What to do :: Print every record below exactly as it stands, but leave out the pictures.

*** Extracted entries ***

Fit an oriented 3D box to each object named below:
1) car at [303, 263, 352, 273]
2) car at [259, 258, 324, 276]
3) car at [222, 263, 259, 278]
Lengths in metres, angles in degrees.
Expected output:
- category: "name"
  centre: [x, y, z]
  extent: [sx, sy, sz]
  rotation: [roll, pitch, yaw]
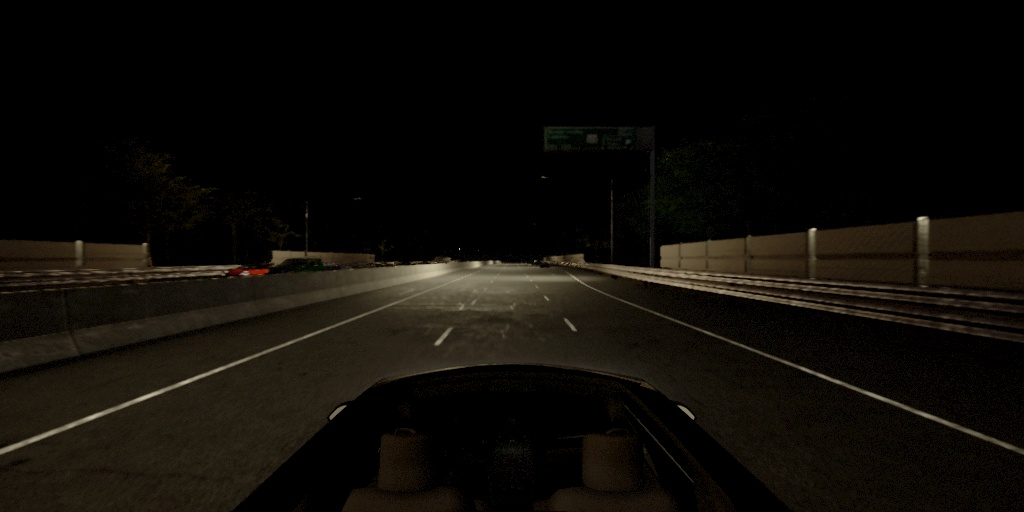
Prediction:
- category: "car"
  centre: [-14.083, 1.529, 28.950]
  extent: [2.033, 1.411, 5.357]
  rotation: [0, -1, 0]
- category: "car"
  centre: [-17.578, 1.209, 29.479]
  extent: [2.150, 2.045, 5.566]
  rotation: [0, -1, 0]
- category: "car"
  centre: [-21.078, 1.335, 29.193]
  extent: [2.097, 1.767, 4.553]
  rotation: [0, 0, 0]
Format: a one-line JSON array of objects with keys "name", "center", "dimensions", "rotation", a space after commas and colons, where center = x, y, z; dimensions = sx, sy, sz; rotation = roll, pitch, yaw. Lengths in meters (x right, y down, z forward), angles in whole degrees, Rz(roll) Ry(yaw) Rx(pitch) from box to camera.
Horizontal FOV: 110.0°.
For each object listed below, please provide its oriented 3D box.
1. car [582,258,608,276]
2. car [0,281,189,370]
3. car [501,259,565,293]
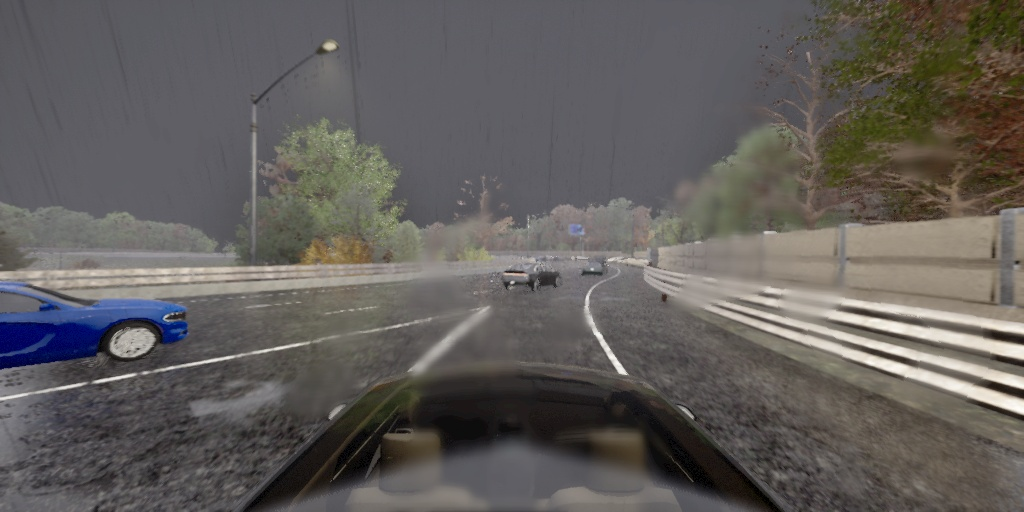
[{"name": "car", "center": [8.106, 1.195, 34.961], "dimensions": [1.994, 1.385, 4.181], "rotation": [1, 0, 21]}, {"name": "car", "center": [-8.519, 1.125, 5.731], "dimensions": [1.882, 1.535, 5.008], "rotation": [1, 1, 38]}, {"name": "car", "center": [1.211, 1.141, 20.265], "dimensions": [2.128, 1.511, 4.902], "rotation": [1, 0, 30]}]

*** End of Extracted entries ***

Finished task ::
Fit an oriented 3D box to each object named below:
1) car at [303, 263, 352, 273]
2) car at [259, 258, 324, 276]
3) car at [222, 263, 259, 278]
Lengths in metres, angles in degrees.
Expected output:
- category: "name"
  centre: [x, y, z]
  extent: [sx, sy, sz]
  rotation: [roll, pitch, yaw]
Prediction:
- category: "car"
  centre: [-14.083, 1.529, 28.950]
  extent: [2.033, 1.411, 5.357]
  rotation: [0, -1, 0]
- category: "car"
  centre: [-17.578, 1.209, 29.479]
  extent: [2.150, 2.045, 5.566]
  rotation: [0, -1, 0]
- category: "car"
  centre: [-21.078, 1.335, 29.193]
  extent: [2.097, 1.767, 4.553]
  rotation: [0, 0, 0]
Format: a one-line JSON array of objects with keys "name", "center", "dimensions", "rotation", a space after commas and colons, where center = x, y, z; dimensions = sx, sy, sz; rotation = roll, pitch, yaw. Lengths in meters (x right, y down, z forward), angles in whole degrees, Rz(roll) Ry(yaw) Rx(pitch) from box to camera.
Horizontal FOV: 110.0°.
For each object listed below, please provide its oriented 3D box.
1. car [582,258,608,276]
2. car [0,281,189,370]
3. car [501,259,565,293]
[{"name": "car", "center": [8.106, 1.195, 34.961], "dimensions": [1.994, 1.385, 4.181], "rotation": [1, 0, 21]}, {"name": "car", "center": [-8.519, 1.125, 5.731], "dimensions": [1.882, 1.535, 5.008], "rotation": [1, 1, 38]}, {"name": "car", "center": [1.211, 1.141, 20.265], "dimensions": [2.128, 1.511, 4.902], "rotation": [1, 0, 30]}]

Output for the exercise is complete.